* Work order *
In the entries that follow, find each line with the word "monthly" and copy it.

___

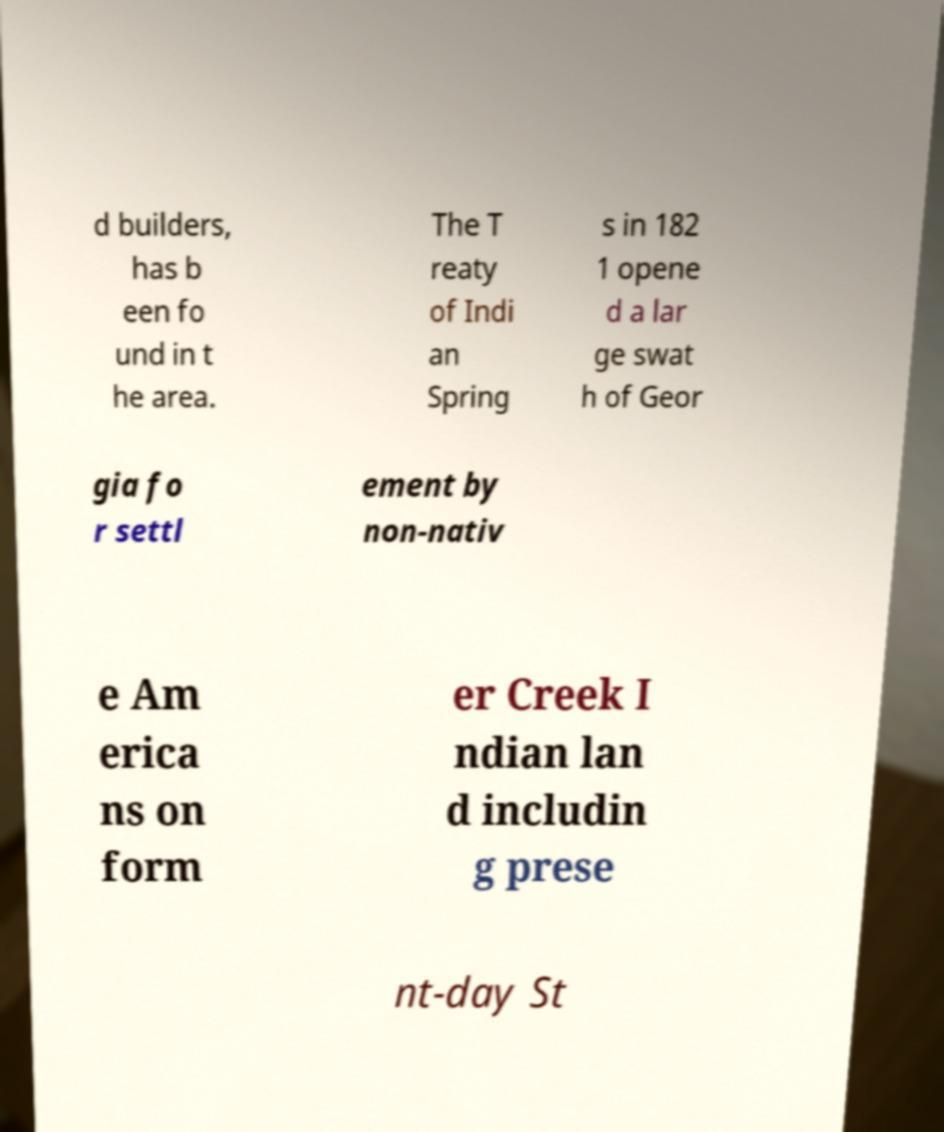What messages or text are displayed in this image? I need them in a readable, typed format. d builders, has b een fo und in t he area. The T reaty of Indi an Spring s in 182 1 opene d a lar ge swat h of Geor gia fo r settl ement by non-nativ e Am erica ns on form er Creek I ndian lan d includin g prese nt-day St 
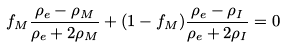Convert formula to latex. <formula><loc_0><loc_0><loc_500><loc_500>f _ { M } \frac { \rho _ { e } - \rho _ { M } } { \rho _ { e } + 2 \rho _ { M } } + ( 1 - f _ { M } ) \frac { \rho _ { e } - \rho _ { I } } { \rho _ { e } + 2 \rho _ { I } } = 0</formula> 
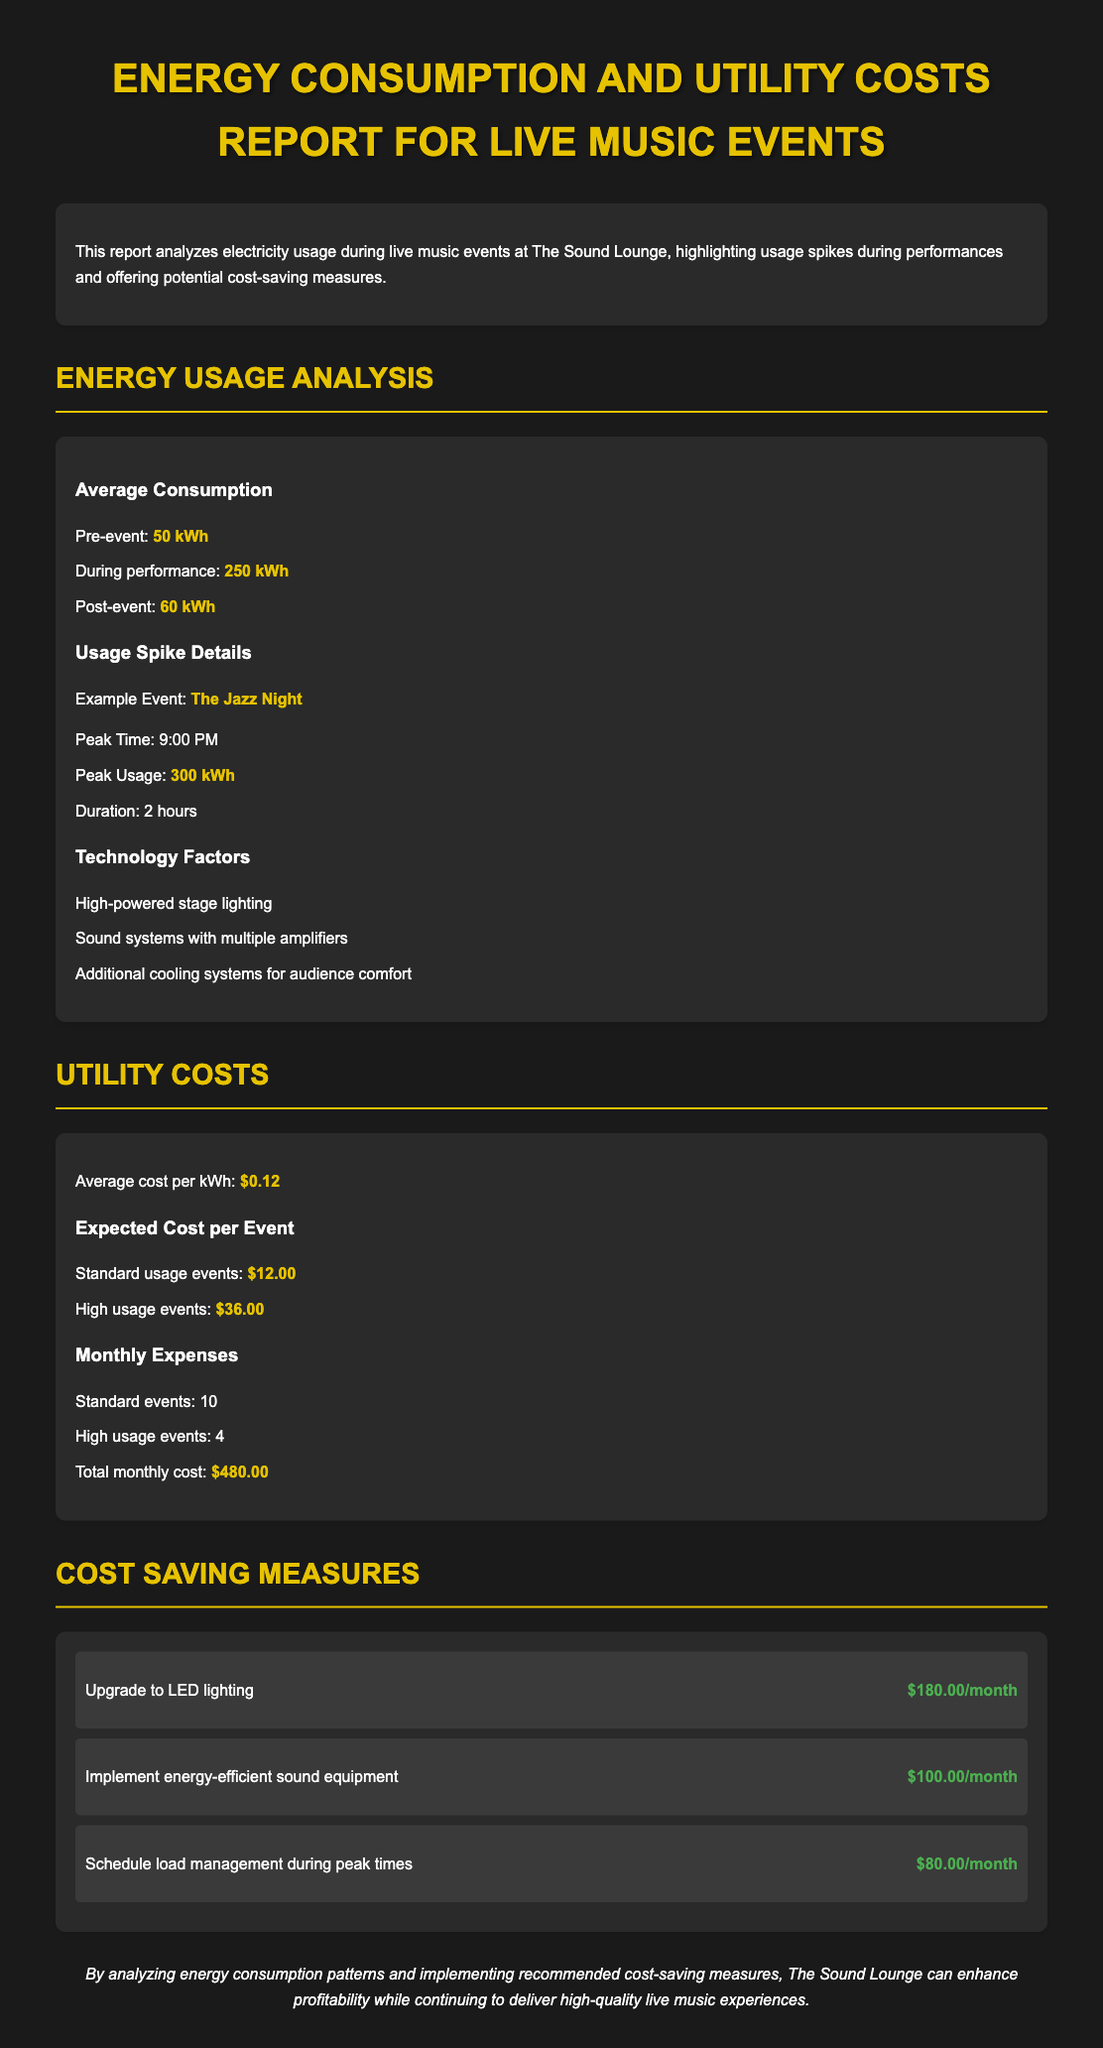What is the average electricity consumption during performances? The average electricity consumption during performances is stated in the document, which is 250 kWh.
Answer: 250 kWh What was the peak usage during The Jazz Night? The document specifies that the peak usage during The Jazz Night was 300 kWh.
Answer: 300 kWh What is the average cost per kilowatt-hour? The average cost per kilowatt-hour is mentioned in the report, which is $0.12.
Answer: $0.12 How many high usage events occur monthly on average? The document lists that there are 4 high usage events per month.
Answer: 4 What is a potential cost-saving measure mentioned in the report? The report outlines several cost-saving measures; one example is upgrading to LED lighting.
Answer: Upgrade to LED lighting How much can be saved per month by implementing load management? The document states that implementing load management during peak times could save $80.00 per month.
Answer: $80.00 What is the total monthly cost of electricity for The Sound Lounge? The total monthly cost is calculated in the report, which amounts to $480.00.
Answer: $480.00 What is one factor influencing high energy usage listed in the document? The report points out high-powered stage lighting as one factor influencing high energy usage.
Answer: High-powered stage lighting What was the average pre-event usage recorded? The document notes that the average pre-event usage is 50 kWh.
Answer: 50 kWh 
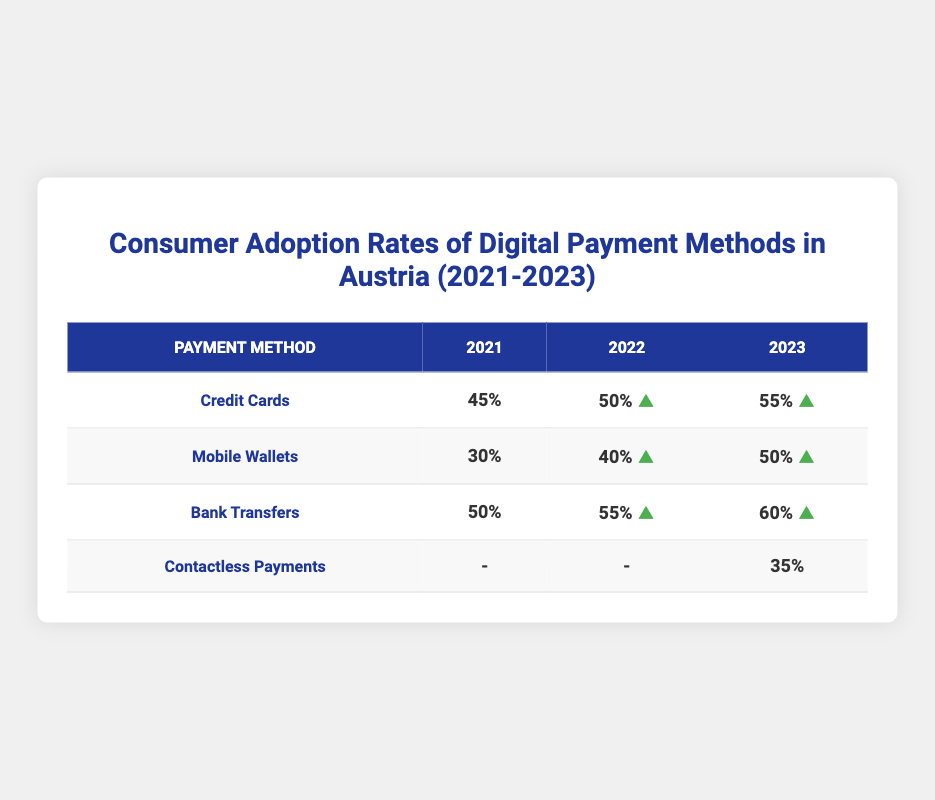What was the adoption rate of credit cards in 2022? In the table under the 'Credit Cards' row for the year 2022, the adoption rate is listed as 50%.
Answer: 50% Which payment method saw the highest increase in adoption rate from 2021 to 2023? To find the highest increase, we calculate the change for each method: Credit Cards (10%), Mobile Wallets (20%), Bank Transfers (10%), and Contactless Payments (35%). Mobile Wallets had the largest increase.
Answer: Mobile Wallets What is the adoption rate of contactless payments in 2021? The table shows a dash under the 'Contactless Payments' row for the year 2021, which indicates that there is no recorded data for that year.
Answer: No data What are the adoption rates for bank transfers for all three years combined? The rates are as follows: 2021 - 50%, 2022 - 55%, and 2023 - 60%. So, the combined adoption rates total 165%.
Answer: 165% Is the adoption rate of mobile wallets higher in 2023 than in 2022? Yes, in 2022 the rate is 40% and in 2023 it is 50%, meaning it increased.
Answer: Yes Calculate the average adoption rate of credit cards from 2021 to 2023. The adoption rates are 45%, 50%, and 55% for those years. Adding these gives 150% and dividing by 3 yields an average of 50%.
Answer: 50% Did the adoption rate for bank transfers increase each year from 2021 to 2023? Yes, from 50% in 2021 to 55% in 2022, and 60% in 2023, indicating an increase each year.
Answer: Yes What is the lowest adoption rate recorded in the table? We look through the adoption rates: 45%, 30%, 50%, 50%, 40%, 55%, 55%, 50%, 60%, 35%. The lowest is 30% for Mobile Wallets in 2021.
Answer: 30% How many payment methods in 2023 have an adoption rate of 50% or above? For 2023, the payment methods with 50% or above are Credit Cards (55%), Mobile Wallets (50%), and Bank Transfers (60%). That totals three methods.
Answer: 3

___

* Output of the task *
Answer: $0.12 How many high usage events occur monthly on average? The document lists that there are 4 high usage events per month.
Answer: $80.00 What is the total monthly cost of electricity for The Sound Lounge? The total monthly cost is calculated in the report, which amounts to $480.00.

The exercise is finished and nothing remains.